Post by Ken Olson » Fri Apr 10, 2020 5:55 pm

Robert J asked:
Why the emphasis on baptism as the deciding factor for the benefits that Paul promised his followers?
Because the reception of the Holy Spirit through baptism is what separates being in Christ from not being in Christ, and being in Christ is the necessary prerequisite for salvation (i.e., receiving an undying spiritual body at the eschaton).

I was presuming the work of E.P. Sanders on participation in Christ (beginning with Paul & Palestinian Judaism 1978), generally known as the New Perspective on Paul since James Dunn in 1983.
Sure, it seems clear that Paul established some sort of baptism for his congregations as an initiation ritual (1 Corinthians 12:13, Galatians 3:27, and Romans 6:3-4). But it’s not entirely unlike a New Year’s resolution --- it’s the follow-thru, the implementation that’s the most important.
First, while I would agree that baptism is an initiation ritual, it is not a ritual in the sense of being a symbolic public acknowledgment of something that was actually accomplished elsewhere, like being handed a diploma at a graduation ceremony. In baptism, the initiate dies and is resurrected with Christ and becomes part of the body of Christ (i.e., they have the spirit of Christ dwelling in their bodies). I'll discuss the passages that establish this below.

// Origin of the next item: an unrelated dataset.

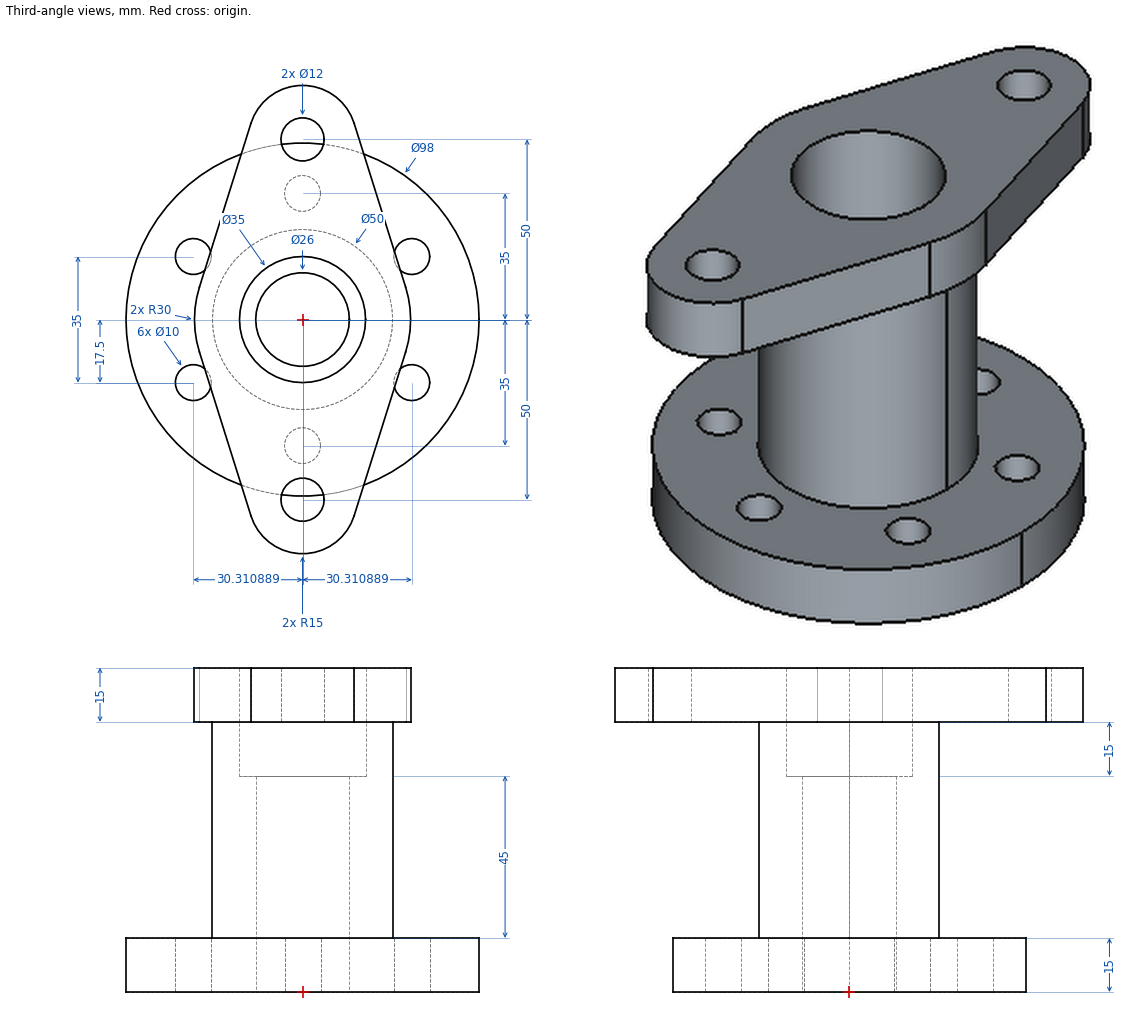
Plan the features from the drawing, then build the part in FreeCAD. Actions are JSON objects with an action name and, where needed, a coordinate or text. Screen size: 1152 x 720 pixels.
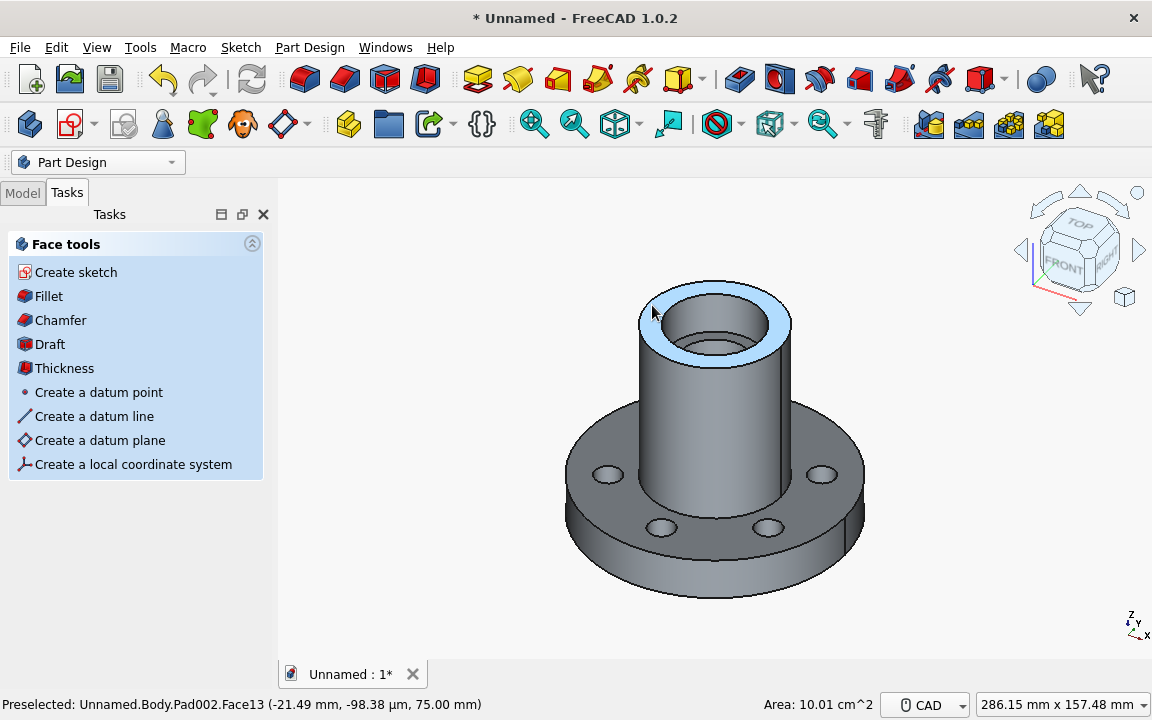
{"action": "left_click", "coordinate": [70, 124]}

Second, I think that classifying the follow thru as more important than the initiation neglects an important aspect of the distinction between “getting in and staying in” (to use Sanders' terms). One enters the body of Christ by receiving the spirit of Christ in baptism, but then one must maintain that status by acting appropriately. That is Paul's point in 1 Cor. 6.20, and arguably the central theme of the entire epistle. I would hesitate to say whether getting in or staying in is the more important because both are necessary, but getting in by dying and rising with Christ and receiving the spirt through baptism is logically prior. Also, one may slip up in his or her personal conduct occasionally and still be saved, but one cannot omit to receive the spirit through baptism .
Paul even downplayed the importance of the baptism ritual as opposed to his more important proclamation of his gospel, his announcement of good news –
For Christ did not send me to baptize, but to preach the gospel … (1 Corinthians 1:17)
Paul minimized the number of baptisms he performed personally, as opposed to those performed by others, in backing up his claim that he had not baptized in his own name and in the larger context of his plea for the church of Corinth not to be divided into factions (1 Cor. 1.10-17). He did not downplay the importance of the reception of the spirit of Christ in baptism as the thing that separates being in Christ from not being in Christ nor did he deny that one needs to be in Christ to receive an undying body on the Day of the Lord (i.e., “be saved”).
The heart of Paul’s gospel was faith, believing in his story of his salvific anointed savior, his Jesus Christ. The clearly stated pathways and the defining factors in order to obtain justification, the promise of the spirit, and the righteousness of God were faith and believing (Galatians 3:14, Romans 3:22, Romans 5:1, and others).
Trying to identify one particular concept as opposed to another as the heart or center of Paul's gospel is generally fruitless because the various concepts present in the system cannot be disentangled clearly. You could say that it is faith, or grace, or eschatology, or salvation, or Christ, or just God. But all those concepts are defined in relation to each other.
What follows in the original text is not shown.